Early in act 2, three years after her marriage to U.S. naval officer B. F. Pinkerton, Cio-Cio San ("Butterfly") awaits the return of her long-absent husband to Japan. Her maid, Suzuki, does not believe that Pinkerton will come back, but Butterfly is optimistic. Trying to convince Suzuki of Pinkerton's loyalty, Butterfly sings of an imaginary scene in which a thread of smoke on the far horizon signals the arrival of a white ship into Nagasaki harbour, bringing her long-lost love back to her. The imagined scene culminates in a romantic reunion.

The aria is noted for its lyrical beauty. It is of particular dramatic importance, as Butterfly's yearning expressed in the song is later met with tragedy. Butterfly's longed-for "beautiful day" is heralded at the end of act 2 by the arrival of Pinkerton's ship, but it proves to be her last; Butterfly learns that Pinkerton has married another woman, and at the end of the opera, Butterfly, distraught, takes her own life. "Un bel dì, vedremo" is especially significant as it appeals to audiences with its emotive melody but also encapsulates the tragedy at the heart of the opera, foretelling Cio-Cio San's inevitable demise.

==Performance and recordings==

The aria was first performed by the soprano Rosina Storchio at the premiere of Madama Butterfly on 17 February 1904 at the Teatro alla Scala in Milan. In the revised version of the opera (28 May 1904 at the Teatro Grande, in Brescia) it was sung by the Ukrainian soprano Solomiya Krushelnytska. During the early recording era, soprano Agnes Kimball achieved popularity in the United States with her English language recording of the aria under the title "Some day he'll come" which was released by the Victor Talking Machine Company in 1910.
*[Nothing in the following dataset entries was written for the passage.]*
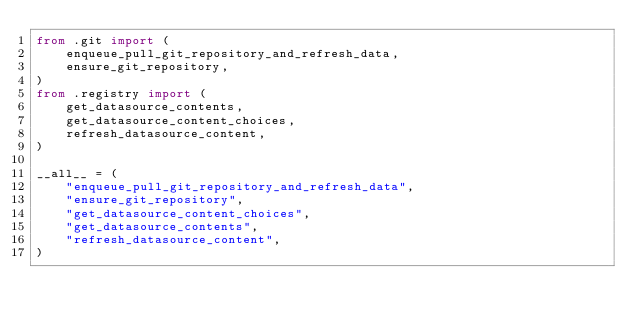<code> <loc_0><loc_0><loc_500><loc_500><_Python_>from .git import (
    enqueue_pull_git_repository_and_refresh_data,
    ensure_git_repository,
)
from .registry import (
    get_datasource_contents,
    get_datasource_content_choices,
    refresh_datasource_content,
)

__all__ = (
    "enqueue_pull_git_repository_and_refresh_data",
    "ensure_git_repository",
    "get_datasource_content_choices",
    "get_datasource_contents",
    "refresh_datasource_content",
)
</code>

Deanna Durbin performed the English translation of the aria in the 1939 musical film First Love.

In 1984, the pop musician Malcolm McLaren adapted the aria for his single "Madam Butterfly (Un bel dì, vedremo)", a synth-pop remix of opera and 1980s R&B. The song, which appeared on McLaren's album Fans, reached No. 13 in the UK Singles Chart.

==Lyrics==

"Un bel dì, vedremo" occurs in act 2 in both the original and the revised versions of the opera. This Italian text is taken from the first version of the libretto, published by Ricordi in 1904.

|
Un bel dì, vedremo levarsi un fil di fumo sull'estremo confin del mare. E poi la nave appare. Poi la nave bianca entra nel porto, romba il suo saluto. Vedi? È venuto! Io non gli scendo incontro. Io no. Mi metto là sul ciglio del colle e aspetto, e aspetto gran tempo e non mi pesa la lunga attesa. E ... uscito dalla folla cittadina un uomo, un picciol punto s'avvia per la collina. Chi sarà? Chi sarà? E come sarà giunto che dirà? Che dirà? Chiamerà "Butterfly" dalla lontana. Io senza dar risposta me ne starò nascosta un po' per celia ... e un po' per non morire al primo incontro, ed egli alquanto in pena chiamerà, chiamerà: "Piccina mogliettina, olezzo di verbena," i nomi che mi dava al suo venire. (a Suzuki) Tutto questo avverrà, te lo prometto. Tienti la tua paura - io con sicura fede l'aspetto.
 |
One fine day we'll notice a thread of smoke arising on the sea, in the far horizon, and then the ship appearing; then the trim white vessel glides into the harbour, thunders forth her cannon. See you? Now he is coming! I do not go to meet him. Not I. I stay upon the brow of the hillock, and wait there, and wait for a long time, but never weary of the long waiting. From out the crowded city there is coming a man, a little speck in the distance, climbing the hillock. Can you guess who it is? And when he's reached the summit, can you guess what he'll say? He will call: "Butterfly" from the distance. I, without answ'ring, hold myself quietly conceal'd. A bit to tease him and a bit so as to not die at our first meeting; and then, a little troubled, he will call, he will call: "Dear baby wife of mine, dear little orange blossom!" The names he used to call me when he came here. (to Suzuki) This will all come to pass, as I tell you. Banish your idle fears, for he will return, I know it.